Ele saiu do quarto e me deixando sozinho aqui. Eu estou deitado de cabeça para cima, encarando o teto e segurando minhas lágrimas, não quero que ninguém me veja chorando. Henry volta para o quarto, deita ao meu lado e começa a fazer cafuné.

– Não deixe que isso te abale – começa – tem pais que fazem coisas piores. E outra, você não está perdendo nada. Quem está perdendo é ele.
Silêncio.
– Vamos assistir a um filme? – assenti, só pra não deixá-lo entediado.

Ele colocou o filme e em meia hora dormiu.

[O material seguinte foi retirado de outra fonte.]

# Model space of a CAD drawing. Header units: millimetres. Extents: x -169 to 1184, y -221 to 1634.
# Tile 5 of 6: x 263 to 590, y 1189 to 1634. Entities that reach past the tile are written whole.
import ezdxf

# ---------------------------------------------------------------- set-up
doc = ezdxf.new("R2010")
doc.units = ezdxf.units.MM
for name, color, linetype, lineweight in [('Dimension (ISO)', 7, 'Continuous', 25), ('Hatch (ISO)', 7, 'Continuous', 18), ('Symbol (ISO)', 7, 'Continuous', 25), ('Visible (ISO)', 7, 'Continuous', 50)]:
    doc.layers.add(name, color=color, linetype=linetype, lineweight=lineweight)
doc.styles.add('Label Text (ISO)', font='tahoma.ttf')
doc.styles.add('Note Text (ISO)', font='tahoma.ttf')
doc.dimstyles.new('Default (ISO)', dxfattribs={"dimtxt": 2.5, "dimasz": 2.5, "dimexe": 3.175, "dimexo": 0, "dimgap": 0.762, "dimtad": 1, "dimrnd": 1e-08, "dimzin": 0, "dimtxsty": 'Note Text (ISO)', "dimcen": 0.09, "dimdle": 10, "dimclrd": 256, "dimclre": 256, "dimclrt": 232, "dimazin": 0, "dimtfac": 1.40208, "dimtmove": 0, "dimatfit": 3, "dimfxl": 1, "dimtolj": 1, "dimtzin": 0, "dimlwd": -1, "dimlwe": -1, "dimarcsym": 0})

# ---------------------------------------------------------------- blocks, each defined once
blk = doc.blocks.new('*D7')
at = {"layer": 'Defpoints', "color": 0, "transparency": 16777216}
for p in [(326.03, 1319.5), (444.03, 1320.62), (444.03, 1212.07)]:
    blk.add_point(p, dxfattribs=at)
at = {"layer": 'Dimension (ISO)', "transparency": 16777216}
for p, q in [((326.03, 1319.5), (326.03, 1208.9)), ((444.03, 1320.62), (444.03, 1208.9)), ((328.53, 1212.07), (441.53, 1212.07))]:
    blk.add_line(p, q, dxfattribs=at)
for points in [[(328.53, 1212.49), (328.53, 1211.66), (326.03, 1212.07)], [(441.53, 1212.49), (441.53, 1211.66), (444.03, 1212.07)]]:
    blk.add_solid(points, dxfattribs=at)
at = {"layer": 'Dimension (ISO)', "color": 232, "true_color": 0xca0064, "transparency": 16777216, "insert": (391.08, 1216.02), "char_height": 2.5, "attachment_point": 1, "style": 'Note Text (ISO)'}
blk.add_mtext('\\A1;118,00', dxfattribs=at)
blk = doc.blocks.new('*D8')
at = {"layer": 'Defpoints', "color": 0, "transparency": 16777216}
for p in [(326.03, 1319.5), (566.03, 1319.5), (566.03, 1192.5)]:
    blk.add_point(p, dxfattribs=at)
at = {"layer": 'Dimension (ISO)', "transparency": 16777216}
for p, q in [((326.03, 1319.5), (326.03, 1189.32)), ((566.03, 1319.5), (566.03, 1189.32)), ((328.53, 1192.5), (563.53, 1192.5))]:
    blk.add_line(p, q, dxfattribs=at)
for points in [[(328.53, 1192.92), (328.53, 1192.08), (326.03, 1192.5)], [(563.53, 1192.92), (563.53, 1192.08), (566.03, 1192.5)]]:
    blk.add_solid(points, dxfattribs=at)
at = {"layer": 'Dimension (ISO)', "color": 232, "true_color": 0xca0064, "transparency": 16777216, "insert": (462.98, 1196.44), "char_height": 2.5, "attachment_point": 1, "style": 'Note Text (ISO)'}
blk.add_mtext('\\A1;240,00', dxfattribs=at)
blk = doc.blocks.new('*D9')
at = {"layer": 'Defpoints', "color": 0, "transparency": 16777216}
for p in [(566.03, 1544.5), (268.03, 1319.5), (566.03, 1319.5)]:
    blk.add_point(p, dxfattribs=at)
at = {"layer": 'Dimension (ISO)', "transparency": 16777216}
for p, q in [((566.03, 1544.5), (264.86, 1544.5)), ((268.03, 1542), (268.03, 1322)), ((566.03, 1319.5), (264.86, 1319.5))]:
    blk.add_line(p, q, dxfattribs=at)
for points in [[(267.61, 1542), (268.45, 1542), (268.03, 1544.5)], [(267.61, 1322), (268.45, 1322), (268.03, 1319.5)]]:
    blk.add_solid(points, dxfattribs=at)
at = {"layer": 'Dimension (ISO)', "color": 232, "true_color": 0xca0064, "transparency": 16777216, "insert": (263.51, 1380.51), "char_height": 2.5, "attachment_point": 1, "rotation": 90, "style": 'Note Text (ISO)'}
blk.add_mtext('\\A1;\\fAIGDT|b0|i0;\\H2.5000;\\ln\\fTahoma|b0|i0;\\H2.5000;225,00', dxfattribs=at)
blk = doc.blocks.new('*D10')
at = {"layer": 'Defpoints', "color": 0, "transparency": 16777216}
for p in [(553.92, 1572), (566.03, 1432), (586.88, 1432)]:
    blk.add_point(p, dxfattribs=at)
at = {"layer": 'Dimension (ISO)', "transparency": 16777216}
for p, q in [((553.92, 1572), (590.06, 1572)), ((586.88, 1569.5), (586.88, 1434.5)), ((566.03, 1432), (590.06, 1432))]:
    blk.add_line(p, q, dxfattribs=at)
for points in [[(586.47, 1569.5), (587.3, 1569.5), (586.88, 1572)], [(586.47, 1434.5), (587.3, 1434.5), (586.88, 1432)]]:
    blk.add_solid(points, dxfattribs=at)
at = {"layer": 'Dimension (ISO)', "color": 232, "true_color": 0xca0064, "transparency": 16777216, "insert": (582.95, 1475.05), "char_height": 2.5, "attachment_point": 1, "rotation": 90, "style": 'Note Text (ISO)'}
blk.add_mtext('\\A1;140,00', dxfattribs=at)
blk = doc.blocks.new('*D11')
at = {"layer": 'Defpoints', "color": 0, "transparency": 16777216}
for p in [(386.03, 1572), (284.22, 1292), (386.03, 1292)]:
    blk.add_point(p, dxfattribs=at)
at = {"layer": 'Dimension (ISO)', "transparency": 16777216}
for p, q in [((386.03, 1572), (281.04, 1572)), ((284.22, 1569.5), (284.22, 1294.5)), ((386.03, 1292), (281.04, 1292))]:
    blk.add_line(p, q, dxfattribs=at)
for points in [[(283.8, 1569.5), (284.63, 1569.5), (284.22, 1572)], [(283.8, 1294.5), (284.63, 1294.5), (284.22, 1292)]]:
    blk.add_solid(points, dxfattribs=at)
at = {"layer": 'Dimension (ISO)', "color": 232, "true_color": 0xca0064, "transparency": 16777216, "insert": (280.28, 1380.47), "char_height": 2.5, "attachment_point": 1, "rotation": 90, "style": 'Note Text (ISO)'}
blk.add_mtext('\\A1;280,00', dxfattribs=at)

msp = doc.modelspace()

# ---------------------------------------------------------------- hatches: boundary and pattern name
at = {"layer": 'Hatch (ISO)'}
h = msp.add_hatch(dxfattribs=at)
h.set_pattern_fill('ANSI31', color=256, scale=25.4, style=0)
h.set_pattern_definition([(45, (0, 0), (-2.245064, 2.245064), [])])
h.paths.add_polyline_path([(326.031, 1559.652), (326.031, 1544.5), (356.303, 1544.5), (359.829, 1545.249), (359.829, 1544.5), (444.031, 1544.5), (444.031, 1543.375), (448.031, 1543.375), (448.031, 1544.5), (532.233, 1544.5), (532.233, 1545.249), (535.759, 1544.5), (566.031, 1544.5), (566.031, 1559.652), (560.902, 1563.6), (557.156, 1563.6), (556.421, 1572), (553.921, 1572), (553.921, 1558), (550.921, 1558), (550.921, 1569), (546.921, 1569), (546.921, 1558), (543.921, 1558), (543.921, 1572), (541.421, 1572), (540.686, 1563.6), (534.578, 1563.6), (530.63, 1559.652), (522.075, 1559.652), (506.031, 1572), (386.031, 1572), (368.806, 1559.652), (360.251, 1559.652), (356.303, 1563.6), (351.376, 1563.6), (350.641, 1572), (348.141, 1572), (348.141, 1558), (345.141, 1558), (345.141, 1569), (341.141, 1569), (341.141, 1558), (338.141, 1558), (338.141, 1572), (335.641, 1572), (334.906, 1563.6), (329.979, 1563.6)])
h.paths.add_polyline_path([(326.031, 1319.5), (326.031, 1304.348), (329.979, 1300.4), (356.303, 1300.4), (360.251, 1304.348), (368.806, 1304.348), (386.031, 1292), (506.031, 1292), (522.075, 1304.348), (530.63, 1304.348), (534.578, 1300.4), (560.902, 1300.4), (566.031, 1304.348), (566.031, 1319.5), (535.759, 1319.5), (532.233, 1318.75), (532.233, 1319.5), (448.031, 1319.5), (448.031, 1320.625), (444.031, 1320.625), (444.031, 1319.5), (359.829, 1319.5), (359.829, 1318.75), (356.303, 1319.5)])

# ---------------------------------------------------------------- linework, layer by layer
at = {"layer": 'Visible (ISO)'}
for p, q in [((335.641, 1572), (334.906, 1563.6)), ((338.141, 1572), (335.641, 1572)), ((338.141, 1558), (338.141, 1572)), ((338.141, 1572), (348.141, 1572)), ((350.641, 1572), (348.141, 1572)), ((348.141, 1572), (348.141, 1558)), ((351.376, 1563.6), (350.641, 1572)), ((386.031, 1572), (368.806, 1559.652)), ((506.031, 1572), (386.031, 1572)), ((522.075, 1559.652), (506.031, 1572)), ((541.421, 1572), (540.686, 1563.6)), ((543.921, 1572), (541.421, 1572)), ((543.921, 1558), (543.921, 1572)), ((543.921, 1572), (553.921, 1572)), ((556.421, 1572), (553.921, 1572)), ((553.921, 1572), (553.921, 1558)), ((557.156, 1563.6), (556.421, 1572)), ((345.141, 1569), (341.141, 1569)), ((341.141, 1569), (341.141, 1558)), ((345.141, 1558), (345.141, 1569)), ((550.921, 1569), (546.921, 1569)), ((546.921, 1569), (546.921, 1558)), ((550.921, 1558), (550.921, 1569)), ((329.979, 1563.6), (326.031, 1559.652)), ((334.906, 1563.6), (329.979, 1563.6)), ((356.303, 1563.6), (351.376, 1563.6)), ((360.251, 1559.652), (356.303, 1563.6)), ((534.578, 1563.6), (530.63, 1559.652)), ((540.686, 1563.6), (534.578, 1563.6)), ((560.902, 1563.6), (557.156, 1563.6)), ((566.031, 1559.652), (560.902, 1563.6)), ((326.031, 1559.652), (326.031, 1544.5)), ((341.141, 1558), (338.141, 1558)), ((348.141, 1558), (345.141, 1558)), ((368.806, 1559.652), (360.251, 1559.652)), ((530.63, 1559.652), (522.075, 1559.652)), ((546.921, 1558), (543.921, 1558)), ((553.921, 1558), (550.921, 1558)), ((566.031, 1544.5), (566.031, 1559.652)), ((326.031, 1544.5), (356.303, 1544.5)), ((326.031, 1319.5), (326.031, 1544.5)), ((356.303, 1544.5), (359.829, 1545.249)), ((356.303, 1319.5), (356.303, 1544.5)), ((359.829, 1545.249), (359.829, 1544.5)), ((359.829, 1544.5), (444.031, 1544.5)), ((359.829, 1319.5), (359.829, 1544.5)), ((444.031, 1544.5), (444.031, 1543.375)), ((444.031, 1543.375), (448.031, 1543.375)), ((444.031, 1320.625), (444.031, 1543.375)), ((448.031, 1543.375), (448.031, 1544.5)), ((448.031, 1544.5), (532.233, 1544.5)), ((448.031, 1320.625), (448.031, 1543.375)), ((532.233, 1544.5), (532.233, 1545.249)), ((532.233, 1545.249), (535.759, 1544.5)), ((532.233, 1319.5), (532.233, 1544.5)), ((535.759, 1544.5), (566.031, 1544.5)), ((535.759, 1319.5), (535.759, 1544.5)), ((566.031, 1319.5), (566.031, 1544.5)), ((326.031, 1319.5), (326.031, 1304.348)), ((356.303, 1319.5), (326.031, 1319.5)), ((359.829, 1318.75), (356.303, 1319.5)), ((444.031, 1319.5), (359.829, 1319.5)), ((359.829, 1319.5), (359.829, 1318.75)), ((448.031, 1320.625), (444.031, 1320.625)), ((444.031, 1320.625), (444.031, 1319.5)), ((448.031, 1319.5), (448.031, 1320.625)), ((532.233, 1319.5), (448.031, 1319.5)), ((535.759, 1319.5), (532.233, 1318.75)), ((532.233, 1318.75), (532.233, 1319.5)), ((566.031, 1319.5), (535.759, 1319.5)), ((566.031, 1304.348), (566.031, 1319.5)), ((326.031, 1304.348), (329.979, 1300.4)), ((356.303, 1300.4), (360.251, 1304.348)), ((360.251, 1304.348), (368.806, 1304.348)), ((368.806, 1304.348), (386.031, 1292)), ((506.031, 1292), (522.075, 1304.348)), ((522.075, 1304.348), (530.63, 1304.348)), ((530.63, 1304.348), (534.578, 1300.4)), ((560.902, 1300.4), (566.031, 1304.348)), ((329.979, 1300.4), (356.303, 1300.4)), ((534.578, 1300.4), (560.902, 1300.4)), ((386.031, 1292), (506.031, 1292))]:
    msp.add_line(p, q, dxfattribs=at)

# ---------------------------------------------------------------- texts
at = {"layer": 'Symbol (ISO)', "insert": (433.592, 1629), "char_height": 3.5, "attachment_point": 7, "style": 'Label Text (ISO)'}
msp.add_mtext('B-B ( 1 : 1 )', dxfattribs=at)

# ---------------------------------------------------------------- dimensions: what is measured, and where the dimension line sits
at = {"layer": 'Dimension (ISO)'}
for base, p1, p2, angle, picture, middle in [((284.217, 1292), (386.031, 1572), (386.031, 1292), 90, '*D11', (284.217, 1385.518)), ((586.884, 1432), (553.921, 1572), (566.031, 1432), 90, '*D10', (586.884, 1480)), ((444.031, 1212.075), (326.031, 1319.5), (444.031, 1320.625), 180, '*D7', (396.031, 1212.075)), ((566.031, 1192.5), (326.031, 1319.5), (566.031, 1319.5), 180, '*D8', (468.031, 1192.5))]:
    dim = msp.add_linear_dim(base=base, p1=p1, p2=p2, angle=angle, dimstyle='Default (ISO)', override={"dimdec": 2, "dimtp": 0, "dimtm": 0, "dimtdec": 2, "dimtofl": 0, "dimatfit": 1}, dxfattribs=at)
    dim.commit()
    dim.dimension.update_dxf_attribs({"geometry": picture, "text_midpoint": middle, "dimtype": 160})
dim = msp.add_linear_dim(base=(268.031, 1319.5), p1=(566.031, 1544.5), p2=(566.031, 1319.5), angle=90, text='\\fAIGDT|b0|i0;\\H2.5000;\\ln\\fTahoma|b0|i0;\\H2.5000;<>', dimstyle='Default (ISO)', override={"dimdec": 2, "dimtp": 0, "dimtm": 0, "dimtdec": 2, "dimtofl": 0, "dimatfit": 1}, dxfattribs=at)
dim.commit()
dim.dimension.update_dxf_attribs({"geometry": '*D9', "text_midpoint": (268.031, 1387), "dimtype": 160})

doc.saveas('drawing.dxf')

Eu continuei encarando o teto e fico assim o resto do dia. Henry levantou para comer, tomar banho e eu me encontro na mesma posição, pois eu não quero liberar minhas emoções perto dele.
Já é de noite e estamos "assistindo" mais um filme.

Madrugada chega e nada no sono aparecer. Henry está dormindo pela vigésima vez e eu tentando. Seu celular começa a apitar e me incomoda. Eu pego para colocar no modo silencioso e me espanto com as três primeiras mensagens.

– Luís Gustavo –

L: Ei!
L: Já estou com saudades.
L: Quando vamos nos encontrar de novo? Sinto falta do seu beijo.

Que porra é essa?
Bloqueio o celular e volto para a minha posição inicial. Agora as lágrimas decidem cair.